We bet you answered Yes to most of the above. More than any book, class, PowerPoint presentation, or lecture, your most effective training has come from your experiences and your willingness to learn from them.

Leaders who have the humility to know they need to learn more and the drive to do so - engage in experiences that matter throughout their careers.

Rekindle and support your team's leadership qualities and behaviors. These results occur time and again during the Life Cycles, Helping Hands, and Playhouse Project programs we deliver and we don't take them for granted.

30 - 1200 people in 4-7 hours? That is where Odyssey Teams, Inc. excels like no other. Team building with purpose. Because experience and experiences matter!

Bucketworks. That is the name of a unique meeting space in Milwaukee. They promote themselves as "The Worlds First Health Club for the Brain." We are going to be delivering one of our Life Cycles: bike building, teambuilding programs at their facility in April. The magic of this partnership is that for the past 17 years of delivering teambuilding programs and eight years of our bike building Life Cycles programs, I have been using the term Neurobics to describe what we do. Neurobics is defined as exercise for your brain.
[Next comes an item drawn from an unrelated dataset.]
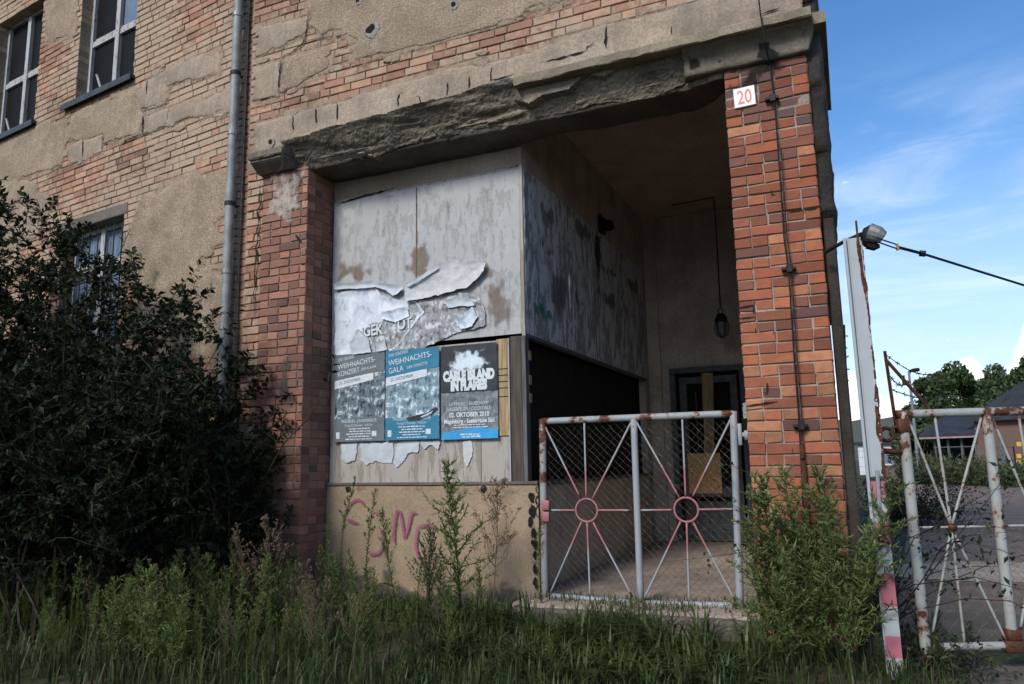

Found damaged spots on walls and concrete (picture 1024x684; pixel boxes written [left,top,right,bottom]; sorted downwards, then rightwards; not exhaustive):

peeling [0,49,223,253]
spalling [251,0,801,168]

Research has shown that if you are right handed and brush your teeth with your left hand one day each week you will decrease your chances of getting Alzheimer's in latter years. Our body thrives on learning and growing. We are built to adapt to our environment, however we are also built to create safe predictable environments. This tug of war between growth and security is at the heart of our programs. We strive to inspire people through our teambuilding events enough to not only cause them to consider a new behavior but create enough motivation that they would be willing to catch themselves and their team being themselves and adopt the new habit when no one is watching. Would you be willing to brush your teeth once this week with your off hand? Try it. You have nothing to loose. It will cross some new wires in your brain and you might solve that nagging problem you have been facing at work. Check it out. It works!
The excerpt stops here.